-------- Task data --------

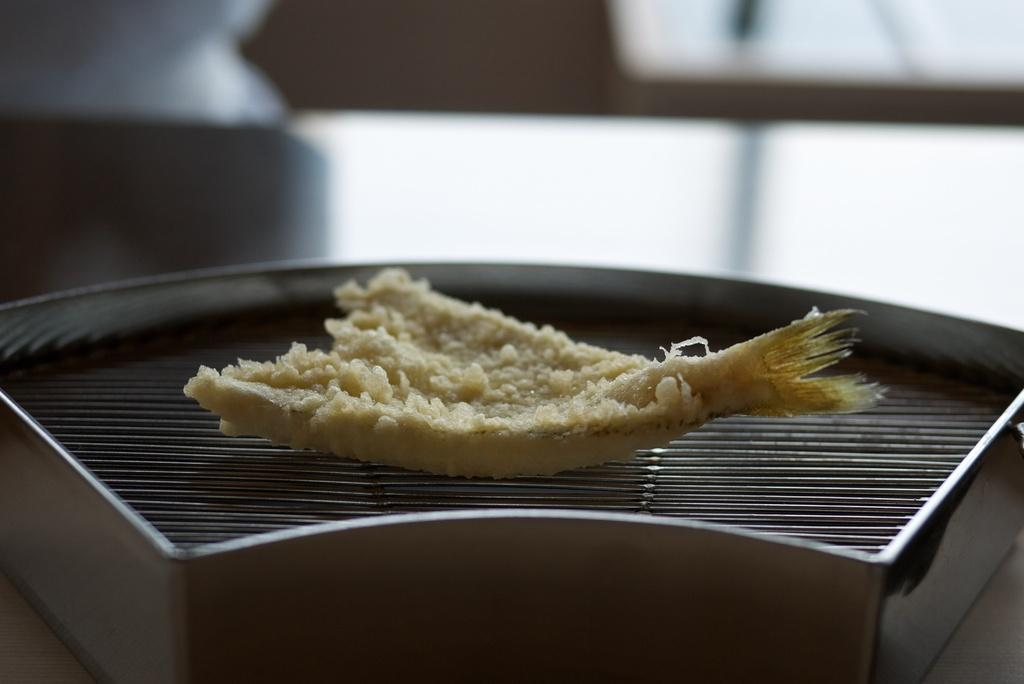What is being cooked on the grill in the image? There is food on the grill in the image. Can you describe any specific details about the image? The top part of the image is blurred. What type of nail is being used to hold the idea in place in the image? There is no nail or idea present in the image; it only features food on a grill and a blurred top part. 
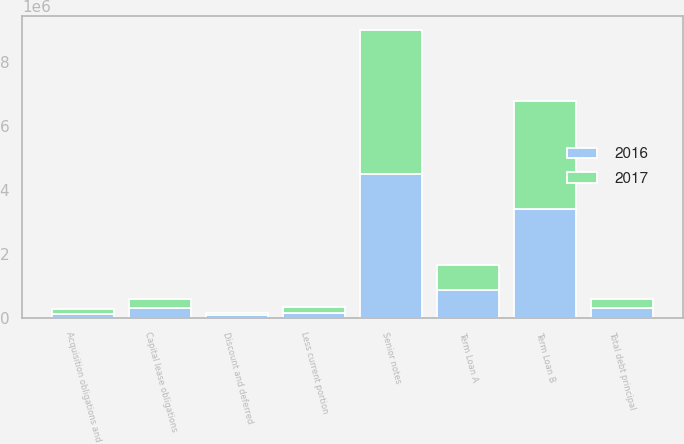Convert chart to OTSL. <chart><loc_0><loc_0><loc_500><loc_500><stacked_bar_chart><ecel><fcel>Term Loan A<fcel>Term Loan B<fcel>Senior notes<fcel>Acquisition obligations and<fcel>Capital lease obligations<fcel>Total debt principal<fcel>Discount and deferred<fcel>Less current portion<nl><fcel>2017<fcel>775000<fcel>3.3775e+06<fcel>4.5e+06<fcel>150512<fcel>297170<fcel>294711<fcel>63951<fcel>178213<nl><fcel>2016<fcel>862500<fcel>3.4125e+06<fcel>4.5e+06<fcel>117547<fcel>292252<fcel>294711<fcel>79861<fcel>160262<nl></chart> 
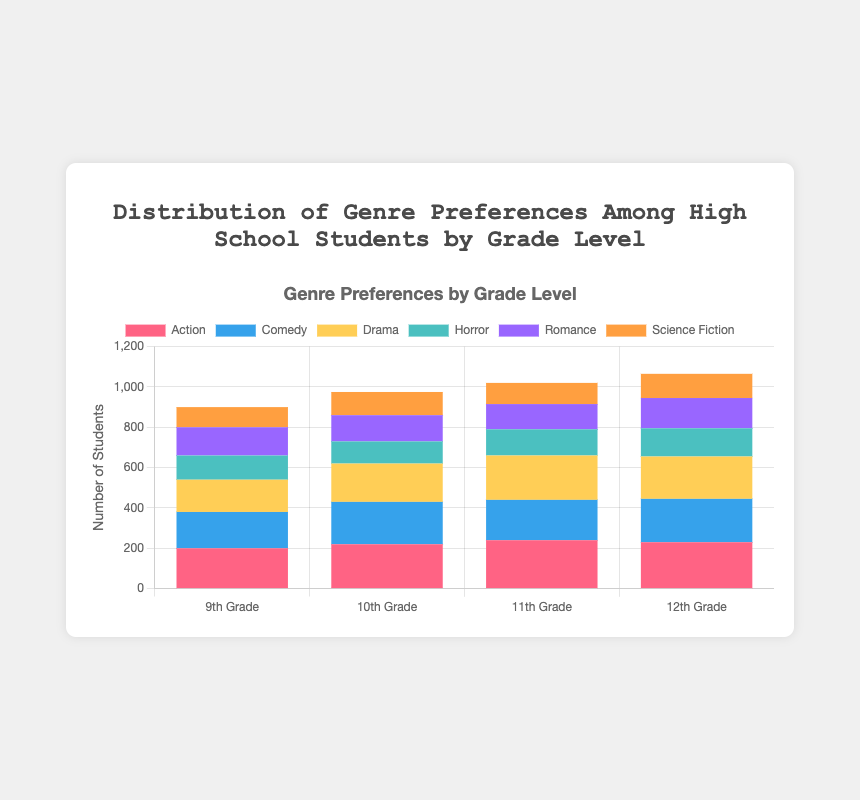Which grade level has the highest number of students who prefer Comedy? Look at the bar heights for Comedy in each grade level. The 12th Grade has the tallest bar for Comedy.
Answer: 12th Grade By how much does the number of students who prefer Action differ between 10th Grade and 11th Grade? Subtract the number of students in 10th Grade who prefer Action from the number in 11th Grade (240 - 220).
Answer: 20 Which genre has the smallest total number of students across all grade levels? Add up the values for each genre across all grades and compare. Science Fiction: 100 + 115 + 105 + 120 = 440; compare with other totals.
Answer: Science Fiction Between 9th and 12th Grades, which genre shows the most consistent number of student preferences, and why? Consistency here means the smallest numerical difference between the grade levels. Review the data to see the numeric range: Romance ranges from 140 to 150, showing a range of 10, which is the smallest.
Answer: Romance How many students in total prefer Horror in 10th and 12th Grades combined? Add the number of students who prefer Horror in 10th Grade to those in 12th Grade (110 + 140).
Answer: 250 Which grade level has the lowest overall preference for Drama? Compare the heights of Drama bars across all grades. The smallest bar is for 9th Grade.
Answer: 9th Grade What is the total number of students who prefer Romance across all grades? Add up the Romance preferences for each grade level: 140 + 130 + 125 + 150.
Answer: 545 Does any genre preference decrease consistently across all grade levels? Examine each genre across grades to see if any have values that decrease consistently without increase. None of the genres fulfill this criterion.
Answer: No What’s the total number of students who prefer Comedy in the 9th, 11th, and 12th Grades combined? Sum the student preferences for Comedy in 9th, 11th, and 12th Grades: 180 + 200 + 215.
Answer: 595 Which genre is most popular among 11th Graders? Look at the highest bar within the 11th Grade category. Action has the highest value of 240.
Answer: Action 
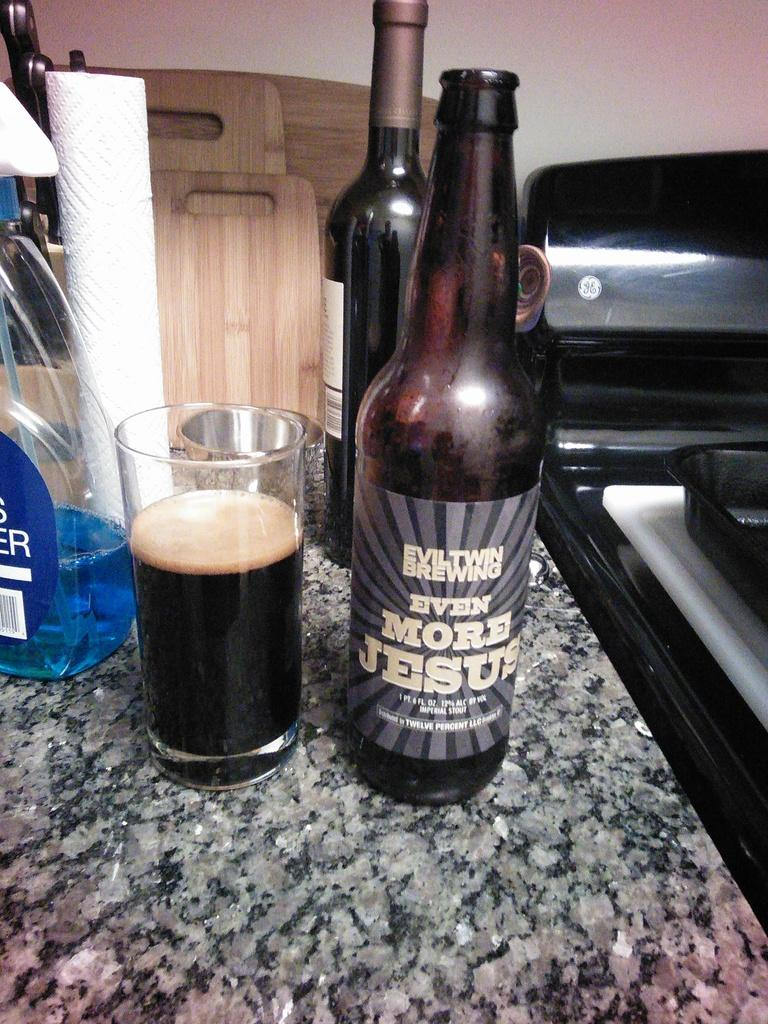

--------

[Task statement]
Only those lines of the entries above that run from the line containing "Answer: 20 Which" to the line containing "Answer: No What’s", both included, should be transcribed exactly.

[Output of the task]
Answer: 20 Which genre has the smallest total number of students across all grade levels? Add up the values for each genre across all grades and compare. Science Fiction: 100 + 115 + 105 + 120 = 440; compare with other totals.
Answer: Science Fiction Between 9th and 12th Grades, which genre shows the most consistent number of student preferences, and why? Consistency here means the smallest numerical difference between the grade levels. Review the data to see the numeric range: Romance ranges from 140 to 150, showing a range of 10, which is the smallest.
Answer: Romance How many students in total prefer Horror in 10th and 12th Grades combined? Add the number of students who prefer Horror in 10th Grade to those in 12th Grade (110 + 140).
Answer: 250 Which grade level has the lowest overall preference for Drama? Compare the heights of Drama bars across all grades. The smallest bar is for 9th Grade.
Answer: 9th Grade What is the total number of students who prefer Romance across all grades? Add up the Romance preferences for each grade level: 140 + 130 + 125 + 150.
Answer: 545 Does any genre preference decrease consistently across all grade levels? Examine each genre across grades to see if any have values that decrease consistently without increase. None of the genres fulfill this criterion.
Answer: No What’s the total number of students who prefer Comedy in the 9th, 11th, and 12th Grades combined? Sum the student preferences for Comedy in 9th, 11th, and 12th Grades: 180 + 200 + 215.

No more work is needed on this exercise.